» Task to carry out
If an entry holds a picture, drop the picture and restate the rest word for word.

» Provided material
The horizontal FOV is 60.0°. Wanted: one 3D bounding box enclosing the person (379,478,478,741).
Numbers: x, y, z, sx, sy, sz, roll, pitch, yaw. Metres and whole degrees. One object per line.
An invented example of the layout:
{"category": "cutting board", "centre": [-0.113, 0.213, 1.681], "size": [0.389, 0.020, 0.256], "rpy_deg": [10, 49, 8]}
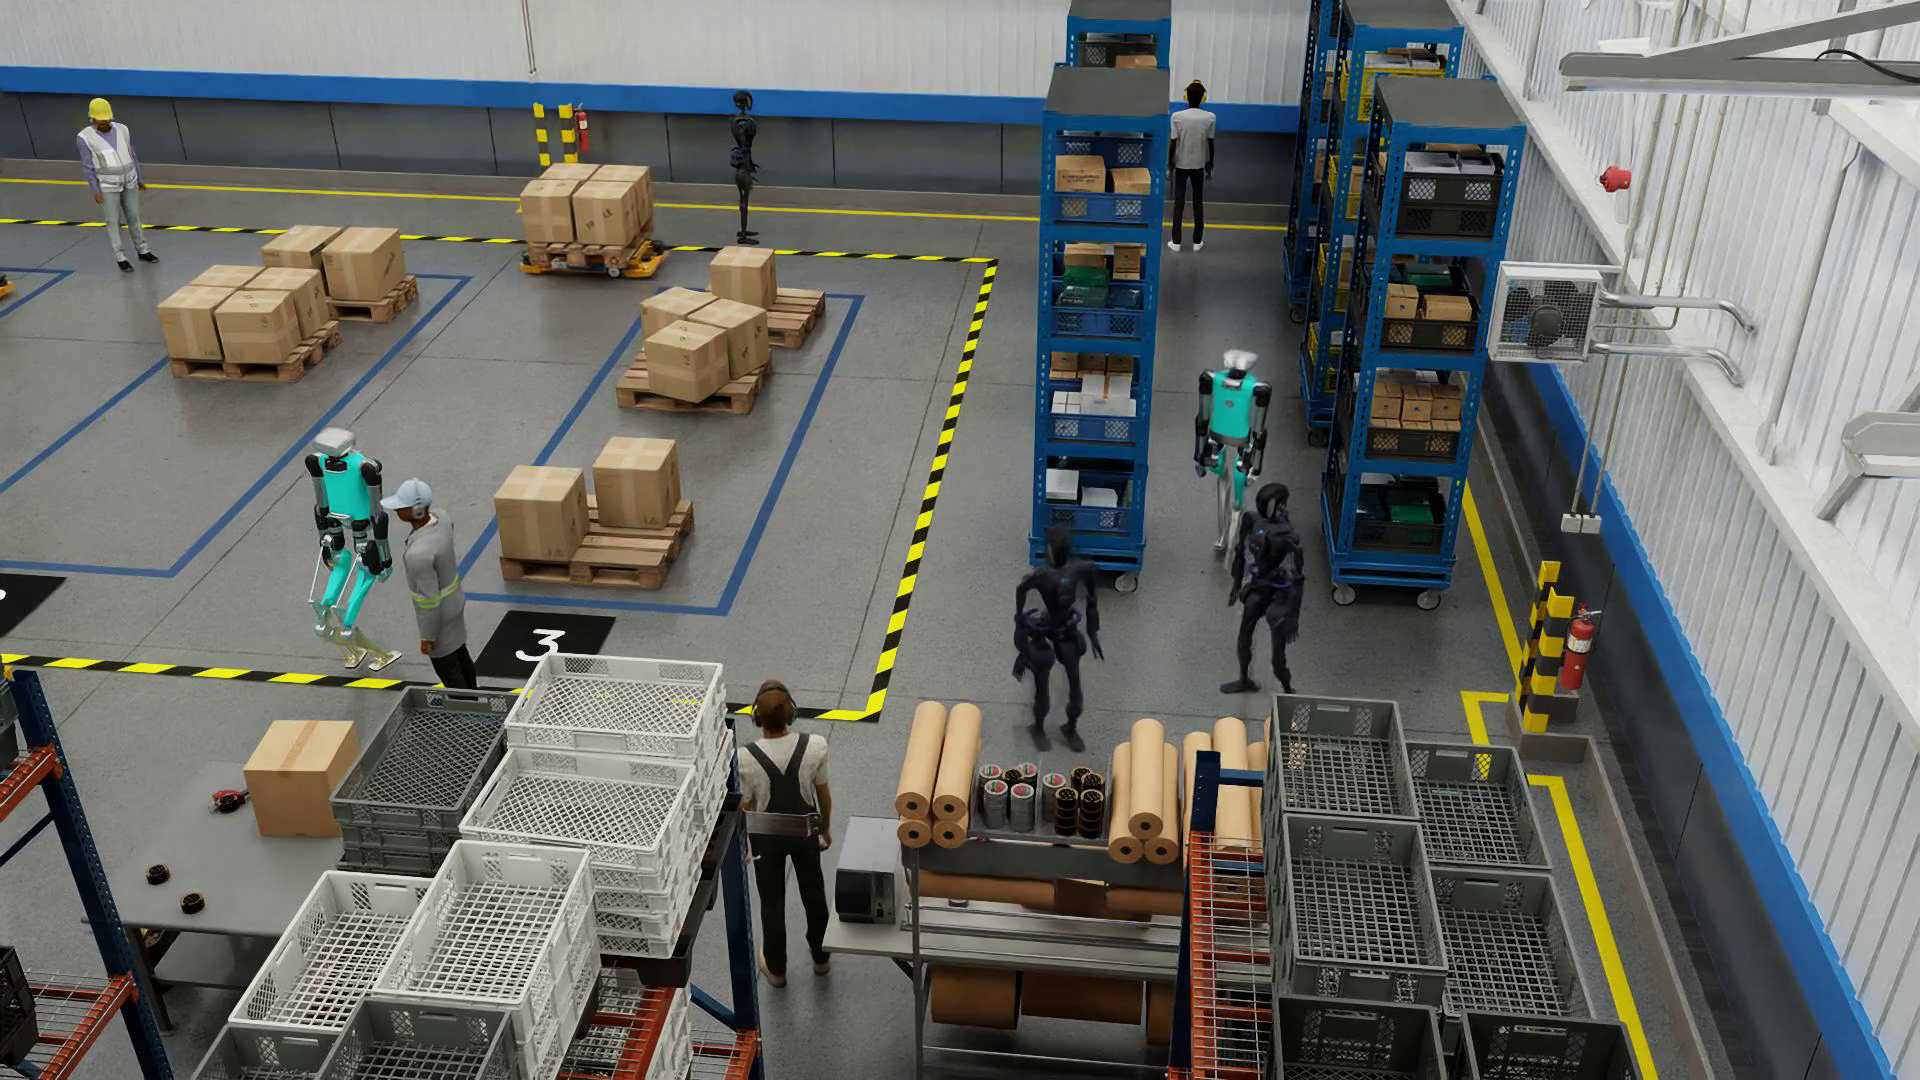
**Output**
{"category": "person", "centre": [-3.271, 0.440, 10.344], "size": [0.378, 1.852, 0.596], "rpy_deg": [-2, 30, -3]}

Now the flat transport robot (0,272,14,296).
{"category": "flat transport robot", "centre": [-10.603, -2.582, 17.080], "size": [1.431, 0.197, 0.652], "rpy_deg": [3, 30, 6]}

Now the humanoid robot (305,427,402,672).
{"category": "humanoid robot", "centre": [-4.048, 0.147, 10.828], "size": [0.533, 1.677, 0.735], "rpy_deg": [9, 31, 15]}

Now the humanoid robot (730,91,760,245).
{"category": "humanoid robot", "centre": [-2.366, -4.123, 18.342], "size": [0.315, 1.655, 0.599], "rpy_deg": [-2, 30, -3]}

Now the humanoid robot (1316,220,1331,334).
{"category": "humanoid robot", "centre": [3.506, -2.515, 15.579], "size": [0.315, 1.657, 0.599], "rpy_deg": [17, 34, 27]}

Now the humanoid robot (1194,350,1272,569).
{"category": "humanoid robot", "centre": [2.053, -0.645, 12.352], "size": [0.542, 1.811, 0.760], "rpy_deg": [14, 33, 22]}

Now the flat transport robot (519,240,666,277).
{"category": "flat transport robot", "centre": [-3.950, -3.065, 17.910], "size": [1.431, 0.197, 0.652], "rpy_deg": [3, 30, 6]}

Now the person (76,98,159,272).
{"category": "person", "centre": [-8.915, -3.768, 17.600], "size": [0.404, 1.824, 0.586], "rpy_deg": [19, 35, 29]}

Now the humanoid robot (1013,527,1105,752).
{"category": "humanoid robot", "centre": [0.590, 0.605, 10.240], "size": [0.595, 1.640, 0.383], "rpy_deg": [-11, 32, -19]}

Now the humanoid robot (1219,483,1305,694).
{"category": "humanoid robot", "centre": [1.990, 0.347, 10.672], "size": [0.375, 1.639, 0.607], "rpy_deg": [-22, 37, -33]}

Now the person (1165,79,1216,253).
{"category": "person", "centre": [2.492, -4.040, 18.022], "size": [0.527, 1.868, 0.312], "rpy_deg": [0, 30, 0]}

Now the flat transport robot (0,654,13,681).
{"category": "flat transport robot", "centre": [-7.142, 0.969, 11.010], "size": [1.431, 0.231, 0.659], "rpy_deg": [3, 30, 6]}

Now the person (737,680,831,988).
{"category": "person", "centre": [-0.903, 1.512, 8.508], "size": [0.504, 1.845, 0.347], "rpy_deg": [-9, 31, -16]}
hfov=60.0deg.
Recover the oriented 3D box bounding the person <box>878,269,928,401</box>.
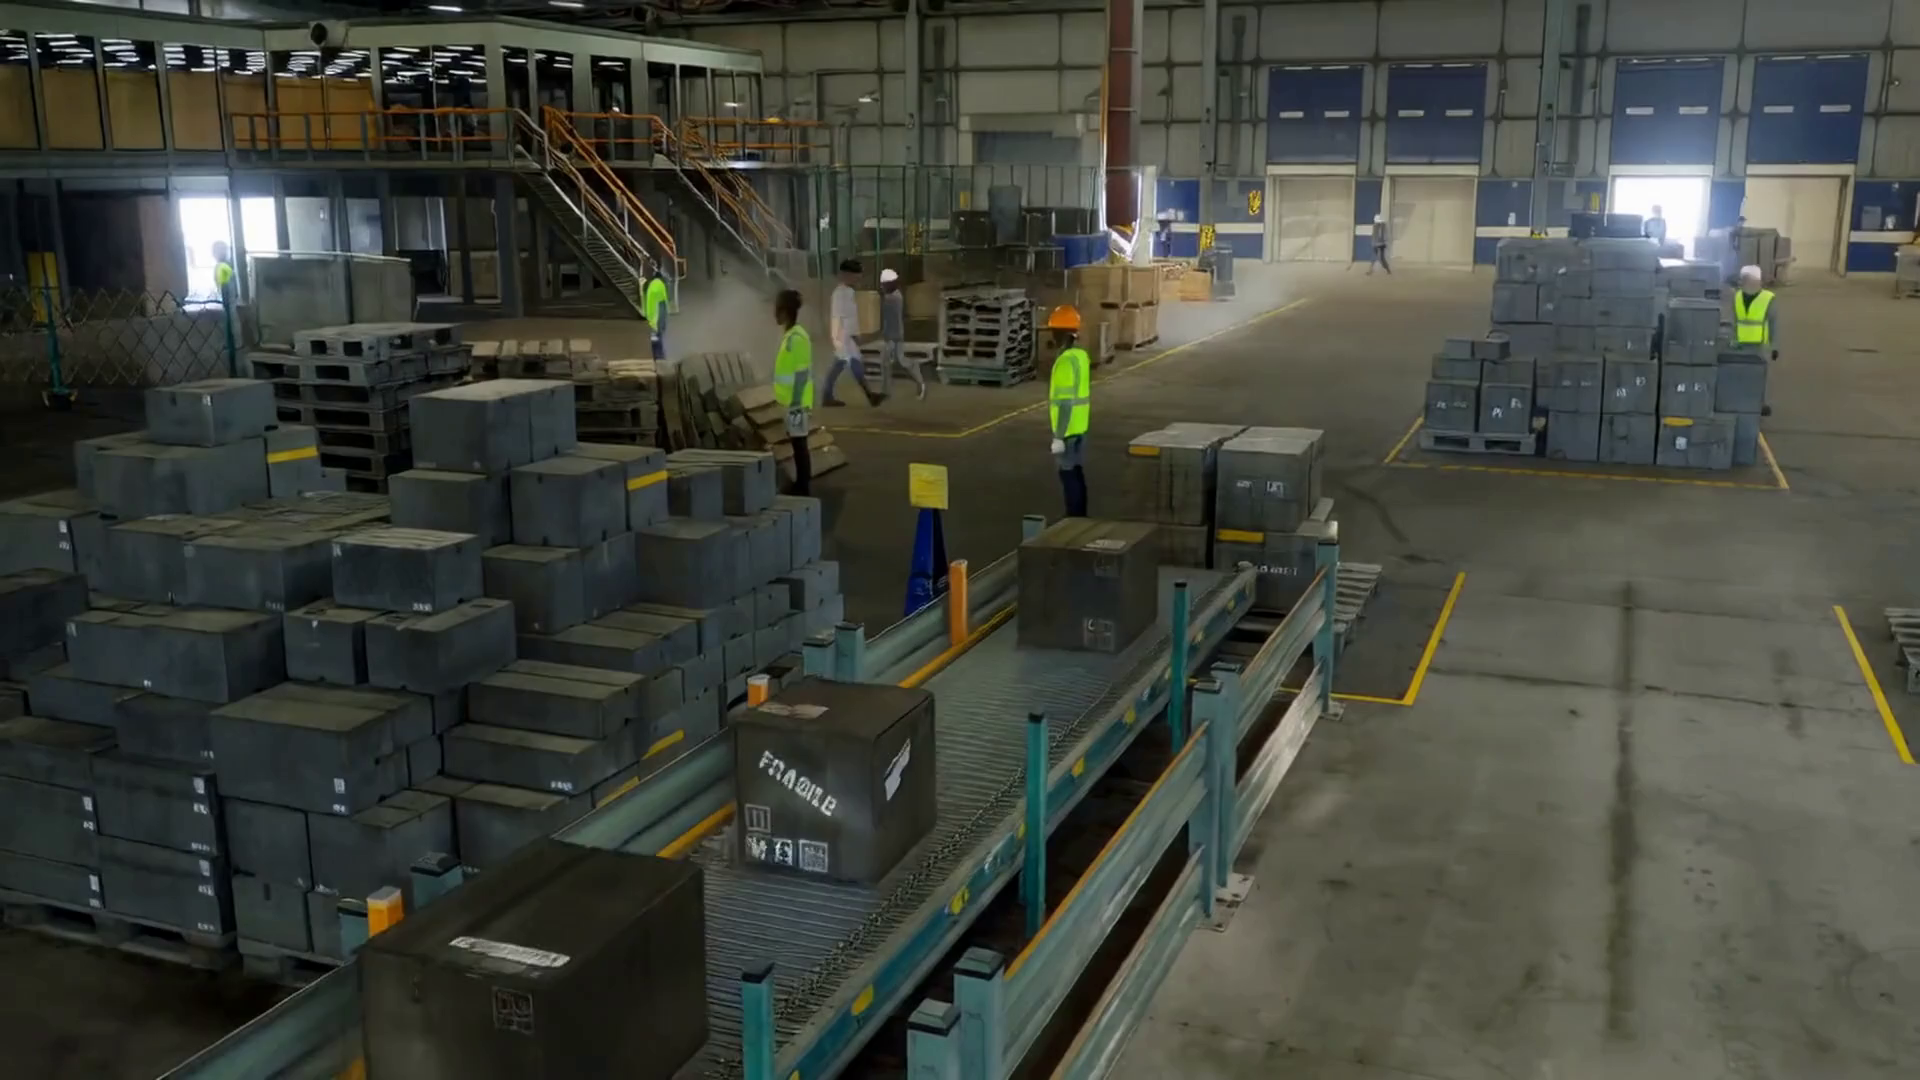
[{"bbox_3d":[-0.812,-2.659,21.702,0.721,1.746,0.531,7,14,29],"label":"person"}]

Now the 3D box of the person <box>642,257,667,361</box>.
[{"bbox_3d":[-4.083,-2.841,22.226,0.313,1.866,0.538,0,13,-2],"label":"person"}]

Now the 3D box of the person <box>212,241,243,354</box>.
[{"bbox_3d":[-12.085,-3.984,27.401,0.325,1.843,0.515,-1,13,-3],"label":"person"}]

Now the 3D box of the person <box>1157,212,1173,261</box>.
[{"bbox_3d":[6.322,-9.354,51.825,0.832,1.680,0.527,9,16,36],"label":"person"}]

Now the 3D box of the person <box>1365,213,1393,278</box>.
[{"bbox_3d":[11.845,-8.274,46.759,0.918,1.810,0.623,12,17,42],"label":"person"}]

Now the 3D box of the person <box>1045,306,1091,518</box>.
[{"bbox_3d":[0.851,-0.913,13.414,0.373,1.934,0.552,5,14,21],"label":"person"}]

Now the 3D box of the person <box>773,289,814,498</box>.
[{"bbox_3d":[-1.495,-1.269,14.946,0.374,1.966,0.608,-2,13,-8],"label":"person"}]

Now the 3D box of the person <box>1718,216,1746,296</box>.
[{"bbox_3d":[18.548,-6.799,39.885,0.463,1.912,0.585,10,16,38],"label":"person"}]

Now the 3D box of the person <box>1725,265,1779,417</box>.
[{"bbox_3d":[9.674,-2.398,20.243,0.960,1.878,0.597,-5,13,-21],"label":"person"}]

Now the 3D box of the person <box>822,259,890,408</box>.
[{"bbox_3d":[-1.330,-2.606,21.118,0.988,1.883,0.553,2,13,10],"label":"person"}]

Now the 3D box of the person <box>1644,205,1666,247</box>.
[{"bbox_3d":[19.846,-8.559,47.574,0.612,1.997,0.376,1,13,3],"label":"person"}]
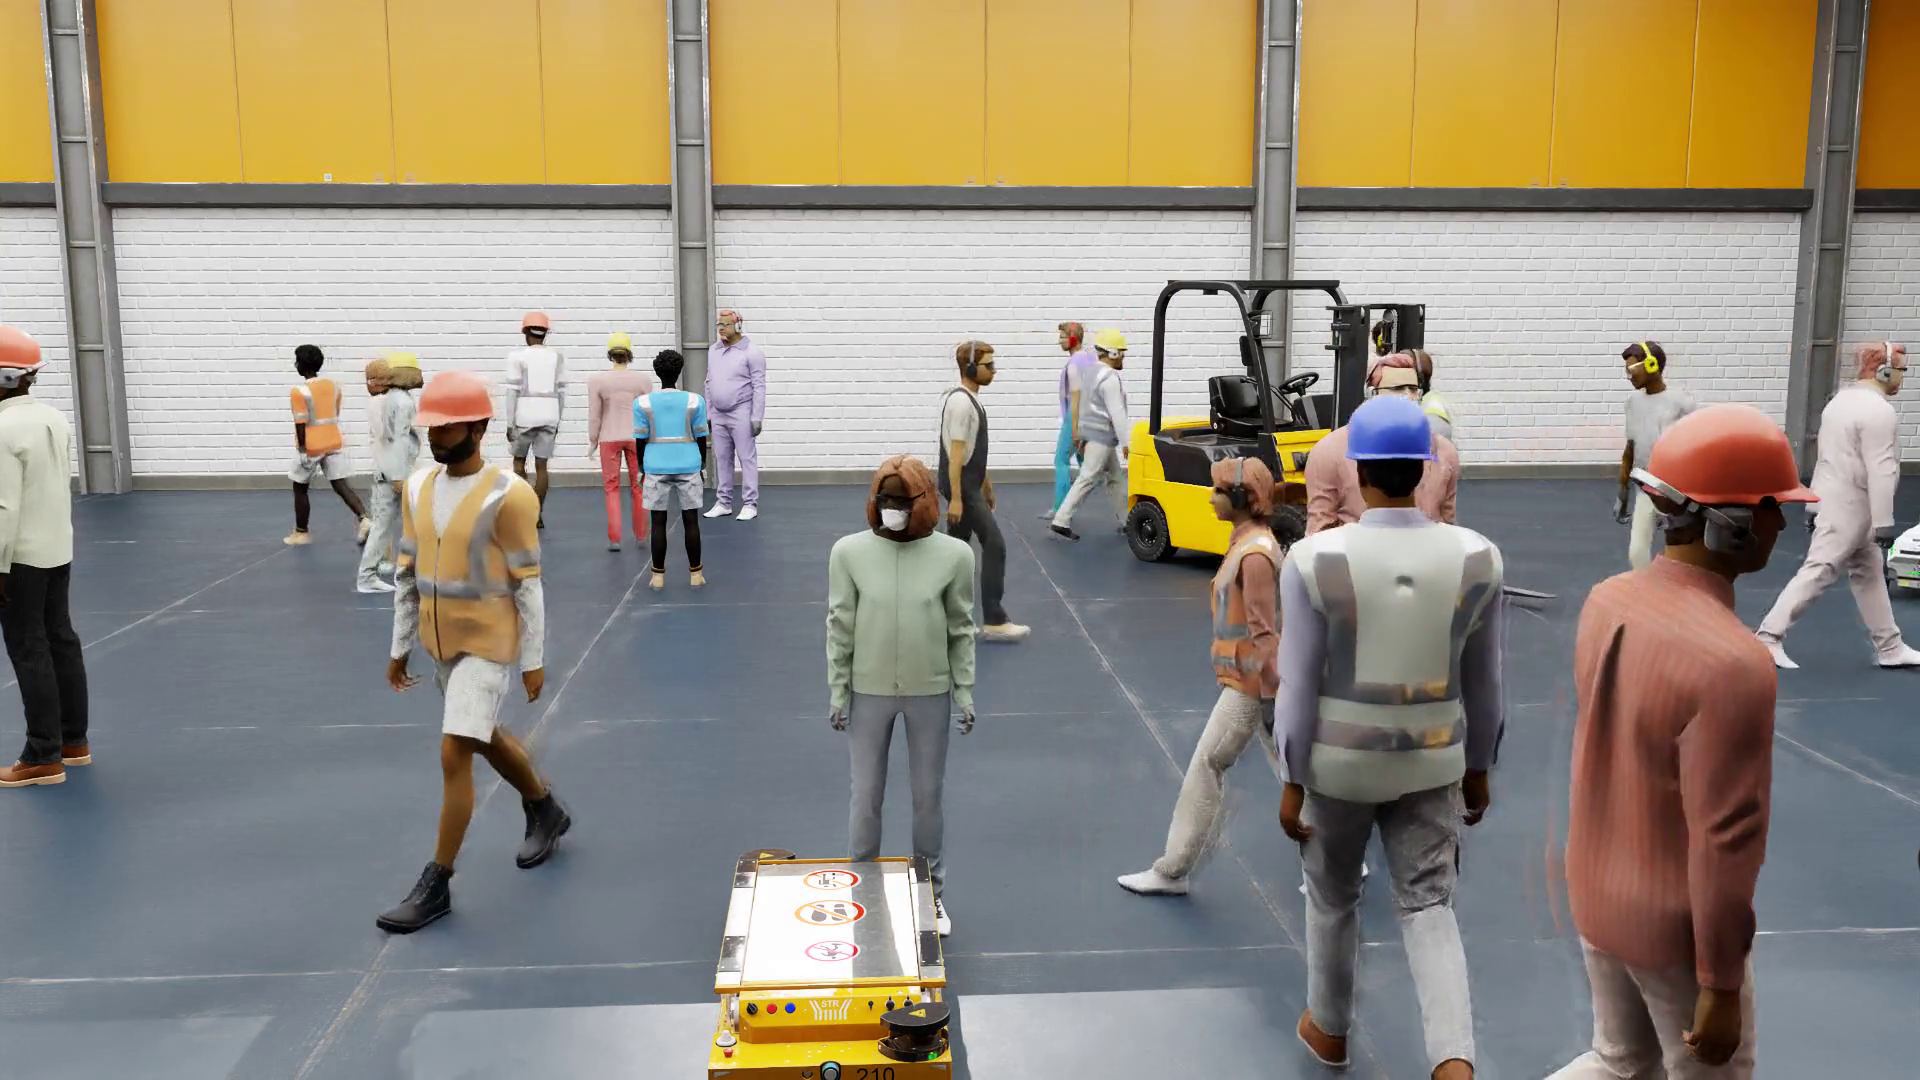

» Completed exercise
The horizontal FOV is 60.0°. Wanted: one 3D bounding box enclosing the person (379,478,478,741).
Numbers: x, y, z, sx, sy, sz, roll, pitch, yaw. Metres and whole degrees. One object per line.
An invented example of the layout:
{"category": "cutting board", "centre": [-0.113, 0.213, 1.681], "size": [0.389, 0.020, 0.256], "rpy_deg": [10, 49, 8]}
**Output**
{"category": "person", "centre": [-3.271, 0.440, 10.344], "size": [0.378, 1.852, 0.596], "rpy_deg": [-2, 30, -3]}

Now the flat transport robot (0,272,14,296).
{"category": "flat transport robot", "centre": [-10.603, -2.582, 17.080], "size": [1.431, 0.197, 0.652], "rpy_deg": [3, 30, 6]}

Now the humanoid robot (305,427,402,672).
{"category": "humanoid robot", "centre": [-4.048, 0.147, 10.828], "size": [0.533, 1.677, 0.735], "rpy_deg": [9, 31, 15]}

Now the humanoid robot (730,91,760,245).
{"category": "humanoid robot", "centre": [-2.366, -4.123, 18.342], "size": [0.315, 1.655, 0.599], "rpy_deg": [-2, 30, -3]}

Now the humanoid robot (1316,220,1331,334).
{"category": "humanoid robot", "centre": [3.506, -2.515, 15.579], "size": [0.315, 1.657, 0.599], "rpy_deg": [17, 34, 27]}

Now the humanoid robot (1194,350,1272,569).
{"category": "humanoid robot", "centre": [2.053, -0.645, 12.352], "size": [0.542, 1.811, 0.760], "rpy_deg": [14, 33, 22]}

Now the flat transport robot (519,240,666,277).
{"category": "flat transport robot", "centre": [-3.950, -3.065, 17.910], "size": [1.431, 0.197, 0.652], "rpy_deg": [3, 30, 6]}

Now the person (76,98,159,272).
{"category": "person", "centre": [-8.915, -3.768, 17.600], "size": [0.404, 1.824, 0.586], "rpy_deg": [19, 35, 29]}

Now the humanoid robot (1013,527,1105,752).
{"category": "humanoid robot", "centre": [0.590, 0.605, 10.240], "size": [0.595, 1.640, 0.383], "rpy_deg": [-11, 32, -19]}

Now the humanoid robot (1219,483,1305,694).
{"category": "humanoid robot", "centre": [1.990, 0.347, 10.672], "size": [0.375, 1.639, 0.607], "rpy_deg": [-22, 37, -33]}

Now the person (1165,79,1216,253).
{"category": "person", "centre": [2.492, -4.040, 18.022], "size": [0.527, 1.868, 0.312], "rpy_deg": [0, 30, 0]}

Now the flat transport robot (0,654,13,681).
{"category": "flat transport robot", "centre": [-7.142, 0.969, 11.010], "size": [1.431, 0.231, 0.659], "rpy_deg": [3, 30, 6]}

Now the person (737,680,831,988).
{"category": "person", "centre": [-0.903, 1.512, 8.508], "size": [0.504, 1.845, 0.347], "rpy_deg": [-9, 31, -16]}
hfov=60.0deg.
Recover the oriented 3D box bounding the person <box>878,269,928,401</box>.
[{"bbox_3d":[-0.812,-2.659,21.702,0.721,1.746,0.531,7,14,29],"label":"person"}]

Now the 3D box of the person <box>642,257,667,361</box>.
[{"bbox_3d":[-4.083,-2.841,22.226,0.313,1.866,0.538,0,13,-2],"label":"person"}]

Now the 3D box of the person <box>212,241,243,354</box>.
[{"bbox_3d":[-12.085,-3.984,27.401,0.325,1.843,0.515,-1,13,-3],"label":"person"}]

Now the 3D box of the person <box>1157,212,1173,261</box>.
[{"bbox_3d":[6.322,-9.354,51.825,0.832,1.680,0.527,9,16,36],"label":"person"}]

Now the 3D box of the person <box>1365,213,1393,278</box>.
[{"bbox_3d":[11.845,-8.274,46.759,0.918,1.810,0.623,12,17,42],"label":"person"}]

Now the 3D box of the person <box>1045,306,1091,518</box>.
[{"bbox_3d":[0.851,-0.913,13.414,0.373,1.934,0.552,5,14,21],"label":"person"}]

Now the 3D box of the person <box>773,289,814,498</box>.
[{"bbox_3d":[-1.495,-1.269,14.946,0.374,1.966,0.608,-2,13,-8],"label":"person"}]

Now the 3D box of the person <box>1718,216,1746,296</box>.
[{"bbox_3d":[18.548,-6.799,39.885,0.463,1.912,0.585,10,16,38],"label":"person"}]

Now the 3D box of the person <box>1725,265,1779,417</box>.
[{"bbox_3d":[9.674,-2.398,20.243,0.960,1.878,0.597,-5,13,-21],"label":"person"}]

Now the 3D box of the person <box>822,259,890,408</box>.
[{"bbox_3d":[-1.330,-2.606,21.118,0.988,1.883,0.553,2,13,10],"label":"person"}]

Now the 3D box of the person <box>1644,205,1666,247</box>.
[{"bbox_3d":[19.846,-8.559,47.574,0.612,1.997,0.376,1,13,3],"label":"person"}]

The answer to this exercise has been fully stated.